Guardrails run on every node execution — checking input before it reaches the LLM and validating (or transforming) output before it is written to the context.

By default, the `injection` guardrail is active on all agents. You can configure guardrails at the workflow level, per agent, or disable them entirely.

```yaml theme={null}
guardrails:        # workflow-level (applies to all agents by default)
  - injection
  - length
```

***

## Built-in Guardrails

### `injection`

Detects common prompt-injection patterns in both input and output text.

If an injection signature is detected, the node fails immediately with a `GuardrailViolation` and the workflow status is set to `"failed"`.

**Detected patterns include:**

* `ignore previous instructions`
* `disregard your instructions`
* `you are now [role]`
* `forget your instructions`
* `new instructions:`
* `override previous instructions`
* `act as a [role]`
* `pretend you are [role]`
* `your new role is`
* `system: you are`

Detection is case-insensitive.

**Default:** Always active unless explicitly overridden with an empty list or a list that omits `injection`.

### `length`

Limits the length of LLM output. In the default `"truncate"` mode, responses longer than the limit are silently cut and appended with `"..."`.

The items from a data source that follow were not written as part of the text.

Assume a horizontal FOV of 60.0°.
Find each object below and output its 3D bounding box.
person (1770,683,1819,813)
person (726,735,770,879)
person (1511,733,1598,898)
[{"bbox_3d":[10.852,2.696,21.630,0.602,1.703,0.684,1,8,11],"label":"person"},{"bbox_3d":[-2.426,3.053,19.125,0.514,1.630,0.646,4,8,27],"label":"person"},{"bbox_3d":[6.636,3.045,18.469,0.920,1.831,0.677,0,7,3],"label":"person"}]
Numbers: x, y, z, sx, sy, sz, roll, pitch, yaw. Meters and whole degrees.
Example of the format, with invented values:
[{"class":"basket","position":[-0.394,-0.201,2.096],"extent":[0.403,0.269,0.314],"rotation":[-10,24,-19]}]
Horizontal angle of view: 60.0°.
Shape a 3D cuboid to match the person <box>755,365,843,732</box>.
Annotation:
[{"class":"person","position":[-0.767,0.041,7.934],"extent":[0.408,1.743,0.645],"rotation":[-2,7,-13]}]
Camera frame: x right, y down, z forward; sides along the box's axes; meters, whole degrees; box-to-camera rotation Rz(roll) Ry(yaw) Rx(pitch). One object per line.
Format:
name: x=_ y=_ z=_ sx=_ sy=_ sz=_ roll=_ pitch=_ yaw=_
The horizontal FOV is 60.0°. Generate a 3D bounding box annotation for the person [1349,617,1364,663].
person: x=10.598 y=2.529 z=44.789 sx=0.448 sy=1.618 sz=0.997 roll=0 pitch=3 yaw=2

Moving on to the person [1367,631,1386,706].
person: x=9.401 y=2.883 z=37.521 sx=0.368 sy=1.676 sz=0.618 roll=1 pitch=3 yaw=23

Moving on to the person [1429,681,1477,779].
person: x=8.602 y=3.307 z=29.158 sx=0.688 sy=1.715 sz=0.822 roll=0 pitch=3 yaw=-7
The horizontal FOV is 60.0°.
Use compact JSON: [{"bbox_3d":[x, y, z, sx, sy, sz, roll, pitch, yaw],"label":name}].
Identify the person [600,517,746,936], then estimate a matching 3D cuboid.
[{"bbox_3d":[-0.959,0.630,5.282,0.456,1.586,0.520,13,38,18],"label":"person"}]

| Parameter   | Default    | Description                                                                      |
| ----------- | ---------- | -------------------------------------------------------------------------------- |
| `max_chars` | `4000`     | Maximum allowed output length in characters.                                     |
| `mode`      | `truncate` | `"truncate"` appends `"..."` and trims; `"raise"` raises a `GuardrailViolation`. |

<Note>
  The `length` guardrail only checks output — input is passed through unchanged.
</Note>

### `pii`

Detects personally identifiable information in both input and output text and either redacts it, blocks the call, or passes it through with a flag. Supported entities are `email`, `phone`, `ssn`, and `credit_card`. Credit-card matches are filtered through the Luhn checksum to suppress false positives.

**Configuration:**

| Parameter     | Type            | Default           | Description                                                                                                                 |
| ------------- | --------------- | ----------------- | --------------------------------------------------------------------------------------------------------------------------- |
| `entities`    | list of strings | all four entities | Subset of `["email", "phone", "ssn", "credit_card"]` to detect.                                                             |
| `action`      | string          | `"redact"`        | `"redact"` replaces each match with `replacement`; `"block"` raises `PIIDetectedError`; `"flag"` leaves the text unchanged. |
| `replacement` | string          | `"[REDACTED]"`    | Replacement string used when `action: "redact"`.                                                                            |

**Behavior:**

* **Input:** Inspected before the prompt is sent to the LLM.
* **Output:** Inspected after the response is received, before downstream nodes see it.
* **On `action: "block"`:** Raises `PIIDetectedError` (a `GuardrailError` subclass) listing the entity types that matched.

**Example — redact emails and phones in both directions:**

```yaml theme={null}
guardrails:
  - name: pii
    config:
      entities: ["email", "phone"]
      action: redact
      replacement: "[REDACTED]"
```

**Example — block any credit-card leakage from a finance agent:**

```yaml theme={null}
agents:
  finance:
    model: "openai:gpt-4o-mini"
    system: "Answer finance questions without ever quoting card numbers."
    guardrails:
      - name: pii
        config:
          entities: ["credit_card"]
          action: block
```

### `schema`

Validates LLM output against a JSON Schema Draft 7 definition. The guardrail parses the output text as JSON and checks it against the provided schema. Input text is passed through unchanged.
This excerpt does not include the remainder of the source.